Алексей попытался расцепить ее руки и вывернуться из-под оказавшегося неожиданно сильным тела. Но она прильнула к его груди, и в следующее мгновение он понял, что женщина сидит на нем верхом совершенно обнаженная. Ее маленькие острые груди приблизились к его лицу. И Алексей почувствовал, что вряд ли ему удастся противостоять столь мощной и страстной атаке.

Он покорно накрыл ее груди ладонями и, приподняв голову, коснулся соска языком. Завадская зашипела, изогнулась, принимая его в себя, и, ухватив Алексея за плечи, начала ритмичное движение бедрами вверх-вниз, вверх-вниз... Почти безмолвное движение, если не считать легких вскриков и стонов, которые с каждым толчком становились все громче и продолжительнее.

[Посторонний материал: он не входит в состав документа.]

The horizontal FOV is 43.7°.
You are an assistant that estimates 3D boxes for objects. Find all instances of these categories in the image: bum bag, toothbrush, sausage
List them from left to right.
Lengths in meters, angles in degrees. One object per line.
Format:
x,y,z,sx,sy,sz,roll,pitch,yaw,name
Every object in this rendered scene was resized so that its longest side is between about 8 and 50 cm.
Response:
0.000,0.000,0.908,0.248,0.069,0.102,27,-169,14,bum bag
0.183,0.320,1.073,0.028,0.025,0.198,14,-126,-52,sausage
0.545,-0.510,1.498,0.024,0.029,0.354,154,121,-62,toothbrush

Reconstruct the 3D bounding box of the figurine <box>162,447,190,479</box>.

Она полностью захватила инициативу в свои руки, и он закрыл глаза, чтобы не видеть ее лица, не видеть этого языка, плотоядно облизывающего губы, не видеть, как она тискает собственные груди и извивается на нем, закидывая назад голову. И скачет... скачет... скачет...

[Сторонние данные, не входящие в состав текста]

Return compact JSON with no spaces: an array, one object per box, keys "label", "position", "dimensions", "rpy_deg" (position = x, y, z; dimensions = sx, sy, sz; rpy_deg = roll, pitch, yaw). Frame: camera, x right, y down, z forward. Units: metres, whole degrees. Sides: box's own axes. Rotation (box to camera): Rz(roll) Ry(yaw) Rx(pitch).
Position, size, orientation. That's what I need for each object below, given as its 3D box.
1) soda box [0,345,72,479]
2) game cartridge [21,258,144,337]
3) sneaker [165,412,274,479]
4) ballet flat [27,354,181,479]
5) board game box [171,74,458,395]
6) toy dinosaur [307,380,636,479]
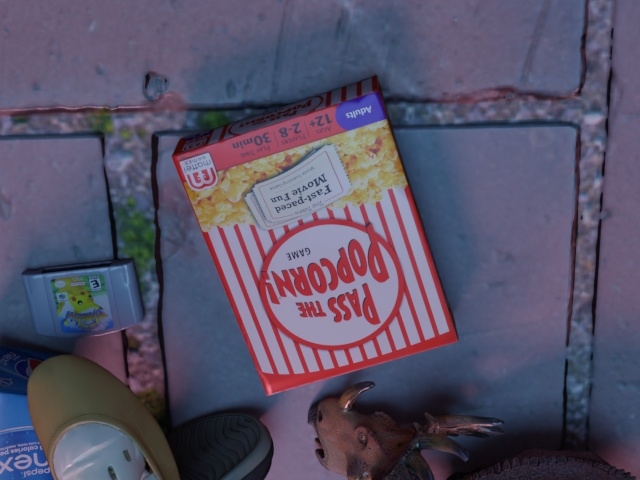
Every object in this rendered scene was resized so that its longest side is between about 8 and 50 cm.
[{"label":"soda box","position":[-0.240,0.187,0.846],"dimensions":[0.067,0.071,0.210],"rpy_deg":[11,110,-26]},{"label":"game cartridge","position":[-0.173,0.044,0.833],"dimensions":[0.083,0.017,0.056],"rpy_deg":[-7,115,4]},{"label":"sneaker","position":[-0.107,0.229,0.882],"dimensions":[0.222,0.083,0.118],"rpy_deg":[-37,125,7]},{"label":"ballet flat","position":[-0.126,0.183,0.770],"dimensions":[0.080,0.073,0.232],"rpy_deg":[-29,103,3]},{"label":"board game box","position":[0.000,0.000,0.796],"dimensions":[0.147,0.045,0.193],"rpy_deg":[-18,110,8]},{"label":"toy dinosaur","position":[0.146,0.195,0.834],"dimensions":[0.296,0.127,0.200],"rpy_deg":[-6,104,-3]}]

О черт! Словно озарение вдруг сошло на Алексея в тот самый момент, когда Завадская, взвизгнув, забилась от наслаждения, а потом упала на него и принялась покрывать поцелуями влажное от пота мужское тело, не подозревая, что творится в его душе. А творилось там нечто гадкое и стыдное: потому что теперь он достоверно знал, кто была та таинственная, рыжеволосая «богиня», услаждавшая Отто фон Дильмаца. И, судя по только что пережитым ощущениям, восторги старого князя были вполне обоснованны...

* * *

Алексей застегнул ворот рубашки и покосился на Завадскую. Она лежала, прижавшись бледной щекой к подушке, и смотрела на него большими, ввалившимися и пустыми, словно высохший колодец, глазами. Маленькая рука беспокойно теребила край одеяла. Что-то происходило в ее душе, но она не желала об этом говорить, а Алексей не желал этого знать. Он вновь обвел ее взглядом и спросил:

– Пить хочешь?

– Хочу, – встрепенулась Завадская и виновато улыбнулась. Так улыбаются женщины, прежде хорошенькие, но в какой-то момент сумевшие понять, что их чары уже не действуют на мужчин, а тело не вызывает ответного желания.

Он молча принес из гостиной стакан воды. Женщина благодарно улыбнулась и медленными глотками опорожнила стакан. После этого глаза ее несколько ожили, и она уже с большим интересом стала наблюдать, как Алексей натягивает сюртук, а следом – шляпу.